_Work to complete_: Provide nothing except how many lines of the data contain the word "photo".

* * * * * * * * *

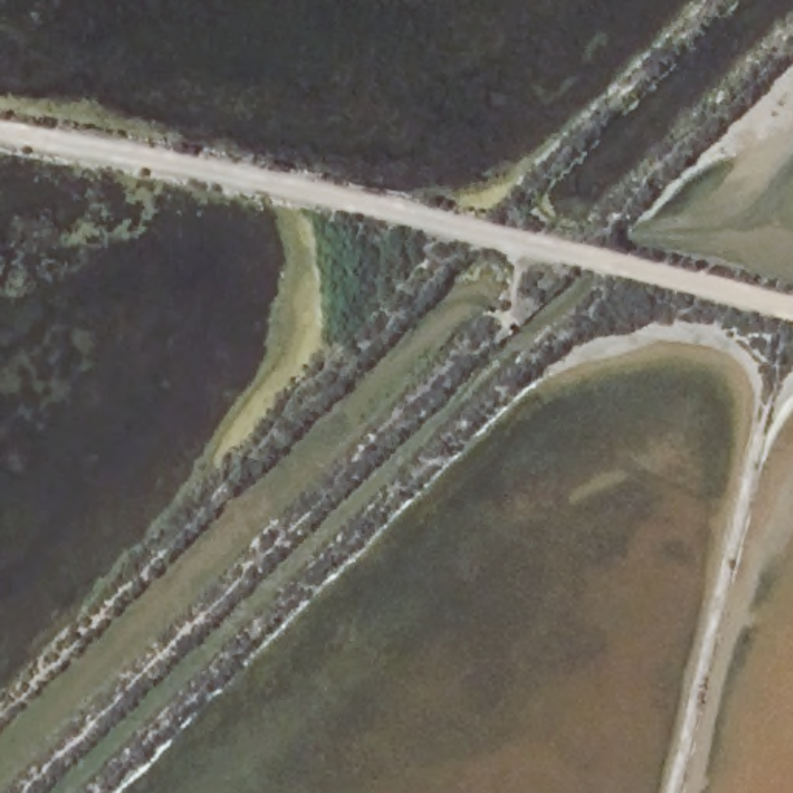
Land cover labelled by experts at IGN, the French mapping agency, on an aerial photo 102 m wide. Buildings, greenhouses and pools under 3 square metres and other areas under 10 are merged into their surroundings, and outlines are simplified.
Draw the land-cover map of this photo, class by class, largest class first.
<instances>
[{"label":"water","instance_id":"1","mask_svg":"<svg viewBox=\"0 0 793 793\"><path fill-rule=\"evenodd\" d=\"M691 0H0V96L59 102L90 99L115 112L118 118H136L158 124V130L180 133V146L173 152L223 158L235 164H257L285 173L307 170L335 186H359L375 195L403 192L412 198L424 186L480 192L489 186L486 173L493 167L517 164L524 155H533L554 136L576 112H582L598 93H604L616 81L629 59L641 53ZM793 9V0H737V9L731 15L706 19L700 25V34L678 46L675 62L660 65V81L654 90H635L638 108H616L607 115V124L589 127L585 161L576 164L551 189V204H558L561 198H579L595 204L601 195H607V189H613L629 170H635L644 161L647 149L675 127L678 115L688 112L706 93H712L719 81L731 71V65L740 56H747L765 34H771V28L784 22ZM53 164L37 158L0 155V260L15 257L9 248L12 217L50 220V226L62 235L84 220L87 201L71 198L43 177V170ZM666 217L663 211L654 220L641 217L635 226H629V239L678 251L681 257H700L706 260L700 273L793 294V155L750 201V208L722 226L666 232ZM285 266V245L279 235V217L273 204L257 208L248 195L198 201L186 186L167 183L155 198V217L149 220L146 235L121 239L99 251H90L87 269L77 276L46 282L37 291L28 288L19 297H0V688L12 685L22 666L37 663L40 647L62 629L65 613L87 598L93 582L115 564V558L127 545L142 539L149 524L170 505L177 489L189 480L192 462L204 449L214 440L217 427L226 421L235 400L257 378V369L266 356L269 307L279 291V273ZM489 291V285L455 279V288L446 294L443 307L431 313L424 325L412 331L393 353H387L344 403L328 409L294 446V452L279 462V468L257 480L245 496H239L232 508L217 520V527L198 545L189 548V554L177 561L173 570H167L164 579H146L149 592L127 610L124 623L115 632L108 629L87 654L74 651L65 660L71 669L65 675L50 672L25 703H19L0 722V781L9 771H15L31 750H37L50 737L53 728L62 725V719L74 716V709L112 672L124 666L127 657L146 651V641L152 638L155 626L164 623L183 601H189L195 589L239 545L251 542L269 517H279L288 502H297L304 496V483L325 462V455L347 434L366 424L381 409V403H387L403 387L406 378L418 372V366L424 362V347L437 350L452 325L468 319V310H474L477 297ZM561 387L554 393L536 390L480 440L462 462H455L440 477V483L421 502H415L393 524V530L372 548L369 558L350 567L325 595H319L316 604H310V610L260 660H254L248 678L235 691H226L223 697L208 703H195L198 719L192 722V728L183 731V740L173 743L164 753V759L127 793H663L678 740L688 672L697 657L706 601L719 570V551L731 520L740 462L747 455L753 434V387L747 372L728 353L706 344L654 341L641 350L613 359L582 362L564 372L558 378ZM753 623L737 635L722 685V700L706 756V781L700 793H793V533L787 548L768 558V564L762 567L750 604Z\"/></svg>","mask_w":793,"mask_h":793},{"label":"brushwood","instance_id":"2","mask_svg":"<svg viewBox=\"0 0 793 793\"><path fill-rule=\"evenodd\" d=\"M737 9V0H691L641 53L629 59L616 81L604 93H598L582 112H576L554 136L561 149L545 164H539L520 189L502 198L493 208L489 220L508 229L558 235L567 242L595 245L700 273L706 260L700 257H681L678 251L629 239V226H635L641 217L669 180L691 167L712 142H719L728 133V127L737 124L793 65V9L784 22L771 28V34H765L747 56H740L731 65V71L719 81L712 93H706L688 112L678 115L675 127L647 149L644 161L635 170H629L613 189H607V195H601L595 204L579 198H561L558 204H551V189L576 164L585 161L589 127L607 124V115L616 108H638L635 90H654L660 81V65L675 62L678 46L700 34V25L706 19L731 15ZM325 316L319 350L313 353V362L304 369V375L294 378L276 397L273 409L260 418L254 434L242 446L226 452L223 468H217L211 452L204 449L192 462L189 480L177 489L170 505L149 524L142 539L127 545L115 558V564L93 582L87 598L65 613L62 629L40 647L37 663L22 666L12 685L0 688V722L19 703H25L50 672L65 675L71 669L65 660L74 651L87 654L108 629L115 632L124 623L127 610L149 592L146 579H164L167 570H173L177 561L189 554V548L198 545L217 527V520L232 508L239 496H245L257 480L279 468V462L294 452V446L328 409L344 403L387 353H393L412 331L424 325L431 313L443 307L446 294L455 288V279L489 285V291L477 297L474 310H468V319L452 325L437 350L424 347V362L418 366V372L406 378L403 387L387 403H381V409L366 424L347 434L325 455V462L304 483V496L297 502H288L279 517H269L251 542L239 545L195 589L189 601H183L164 623L155 626L152 638L146 641V651L127 657L124 666L112 672L74 709V716L62 719V725L53 728L50 737L37 750H31L15 771H9L0 781V793H127L164 759V753L173 743L183 740V731L192 728V722L198 719L195 703H208L223 697L226 691H235L248 678L254 660H260L310 610V604H316L319 595H325L350 567L369 558L372 548L393 530V524L415 502H421L440 483V477L455 462H462L480 440L477 427L486 421V415L511 403L514 390L539 378L551 362L564 359L573 347L607 335H632L651 322H712L722 328H737L743 350H756L765 356L759 372L765 400L781 393L784 378L793 372V322L706 300L688 291H672L623 276H604L570 263H533L524 273L520 297L508 304L502 291H508L514 263L508 260V254L496 248L446 242L440 235L375 220L366 214L319 211L313 220Z\"/></svg>","mask_w":793,"mask_h":793},{"label":"pervious surface","instance_id":"3","mask_svg":"<svg viewBox=\"0 0 793 793\"><path fill-rule=\"evenodd\" d=\"M793 155V65L737 124L728 127V133L719 142H712L691 167L669 180L641 217L654 220L663 211L688 180H694L716 161H734V170L716 189L700 192L681 214L666 217V232L722 226L750 208V201ZM0 155L37 158L53 164H74L87 170L112 167L130 177L149 167L152 180L167 183L186 186L198 201L248 195L257 208L273 204L279 217V235L285 245V266L279 273V291L269 307L266 356L257 369V378L235 400L226 421L217 427L214 440L204 449L211 452L217 468H223L226 452L242 446L254 434L260 418L273 409L276 397L294 378L304 375V369L313 362V353L319 350L325 316L313 220L319 211L366 214L375 220L440 235L446 242L496 248L508 254V260L514 263L508 291H502L508 304L520 297L524 273L533 263H570L604 276H623L672 291H688L706 300L793 322V294L700 273L595 245L567 242L558 235L508 229L489 220L449 214L412 198L403 192L375 195L359 186H335L307 170L285 173L257 164H235L223 158L173 152L149 149L127 139H105L93 133L0 121ZM654 341L706 344L728 353L747 372L753 387V434L747 455L740 462L731 520L719 551V570L706 601L697 657L688 672L678 740L663 793H700L706 781V756L722 700V685L737 635L753 623L750 604L762 567L768 564V558L787 548L793 533V372L784 378L781 393L765 400L759 372L765 356L756 350H743L737 328H722L712 322H651L632 335H607L573 347L564 359L551 362L539 378L514 390L511 403L486 415V421L477 427L480 440L536 390L554 393L561 387L558 378L564 372L582 362L613 359L641 350Z\"/></svg>","mask_w":793,"mask_h":793},{"label":"herbaceous vegetation","instance_id":"4","mask_svg":"<svg viewBox=\"0 0 793 793\"><path fill-rule=\"evenodd\" d=\"M0 121L93 133L105 139H127L149 149L173 152L180 146V133L158 130V124L136 118H118L115 112L90 99L59 102L0 96ZM561 149L554 136L533 155H524L517 164L493 167L486 173L489 186L480 192L424 186L412 198L449 214L489 220L493 208L502 198L520 189L539 164H545ZM734 170V161H716L694 180H688L663 211L666 217L681 214L700 192L716 189ZM43 177L71 198L87 201L84 220L62 235L50 226V220L12 217L9 248L15 257L0 260V297H19L28 288L37 291L46 282L77 276L87 269L90 251H99L121 239L146 235L149 220L155 217V198L167 183L152 180L149 167L130 177L112 167L87 170L74 164H53L43 170Z\"/></svg>","mask_w":793,"mask_h":793}]
</instances>

* * * * * * * * *

_Task output_: 2